Cette photo prise le 19 janvier 2021 montre le logo du journal régional « Ouest-France », au siège de Nantes.

Les rotatives vont arrêter de tourner, une nuit durant au moins. Le quotidien Ouest-France est touché, jeudi 20 juin, par un mouvement de grève à l’appel de l’intersyndicale qui devrait empêcher l’impression et donc la parution du journal papier daté de vendredi en raison de « l’échec des négociations annuelles obligatoires » (NAO), a appris l’Agence France-Presse de sources syndicales.

« Mardi, on a eu une réunion NAO qui a tourné court. La direction a fait état de mauvais résultats pour rejeter nos demandes d’augmentation », a expliqué à l’Agence France-Presse (AFP) Christelle Guibert, représentante du Syndicat national des journalistes (SNJ) à Ouest-France. Concernant les rotativistes, qui assurent l’impression la nuit du journal, « on a eu une assemblée générale hier soir, et on a voté pour la grève la nuit prochaine. Et si on n’a pas de retour [de la direction], on a également voté pour faire grève la nuit suivante », a déclaré à l’AFP Olivier Heurtault, secrétaire général de la section Force ouvrière (FO) des rotativistes.

Un préavis de grève est également envisagé pour le 30 juin, jour du premier tour des élections législatives. « Les discussions se poursuivent, le dialogue n’est pas rompu », a de son côté expliqué Caroline Tortellier, chargée de la communication externe du groupe. Les versions papier du quotidien ne devraient pas sortir des rotatives vendredi, mais « le journal sortira en version numérique », a-t-elle ajouté.

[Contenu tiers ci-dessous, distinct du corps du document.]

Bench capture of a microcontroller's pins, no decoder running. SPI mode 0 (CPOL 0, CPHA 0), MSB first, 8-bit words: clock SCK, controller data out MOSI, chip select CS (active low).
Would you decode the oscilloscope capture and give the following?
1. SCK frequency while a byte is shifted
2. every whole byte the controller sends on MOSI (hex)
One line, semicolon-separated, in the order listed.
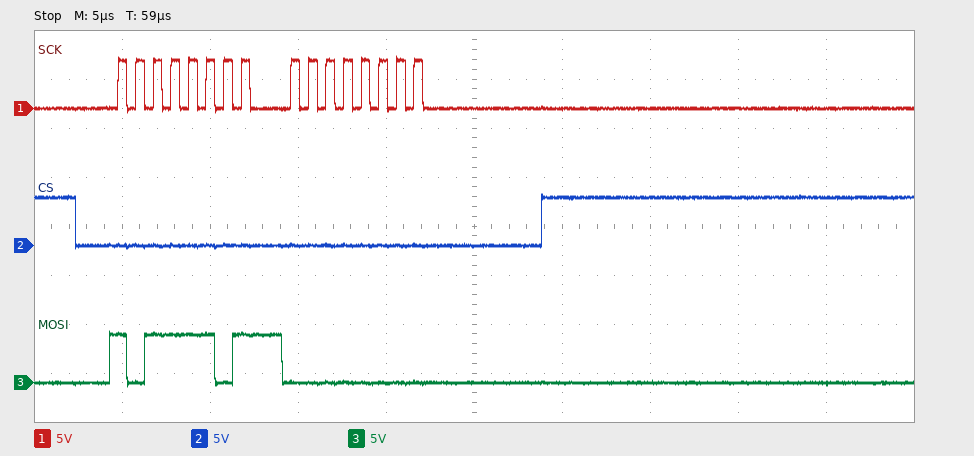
1 MHz; BD 00

Le quotidien est imprimé sur deux sites, à Chantepie, en périphérie de Rennes, et à la Chevrolière, en limite de Nantes. De cette imprimerie sortent également les quotidiens Presse Océan, Le Courrier de l’Ouest et Le Maine libre, qui appartiennent au groupe Ouest-France, et ne devraient donc pas sortir en édition papier non plus vendredi, bien qu’ils ne soient pas concernés par le mouvement de grève.

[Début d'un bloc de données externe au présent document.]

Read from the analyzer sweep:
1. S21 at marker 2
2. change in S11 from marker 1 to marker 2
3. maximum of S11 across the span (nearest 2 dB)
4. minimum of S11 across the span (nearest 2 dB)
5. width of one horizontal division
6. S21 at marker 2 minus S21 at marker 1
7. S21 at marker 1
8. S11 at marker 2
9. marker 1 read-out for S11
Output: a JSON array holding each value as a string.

Les syndicats contestent les chiffres de la direction. Ils font notamment valoir que le groupe s’est porté candidat auprès de l’Autorité de régulation de la communication audiovisuelle (Arcom) en vue de développer une chaîne de télévision nationale sur la TNT. Un investissement, chiffré à « 70 millions d’euros », selon les syndicats.

« L’an dernier, on n’a pas eu de vraies NAO », considère Christelle Guibert. Seuls les plus bas salaires, soit 60 % des salariés, ont obtenu une revalorisation. « On trouve inadmissible cette absence d’augmentation depuis plusieurs années, alors que les dix plus gros salaires de Ouest-France se sont augmentés de 12 % sur les trois dernières années », a complété Olivier Heurtault.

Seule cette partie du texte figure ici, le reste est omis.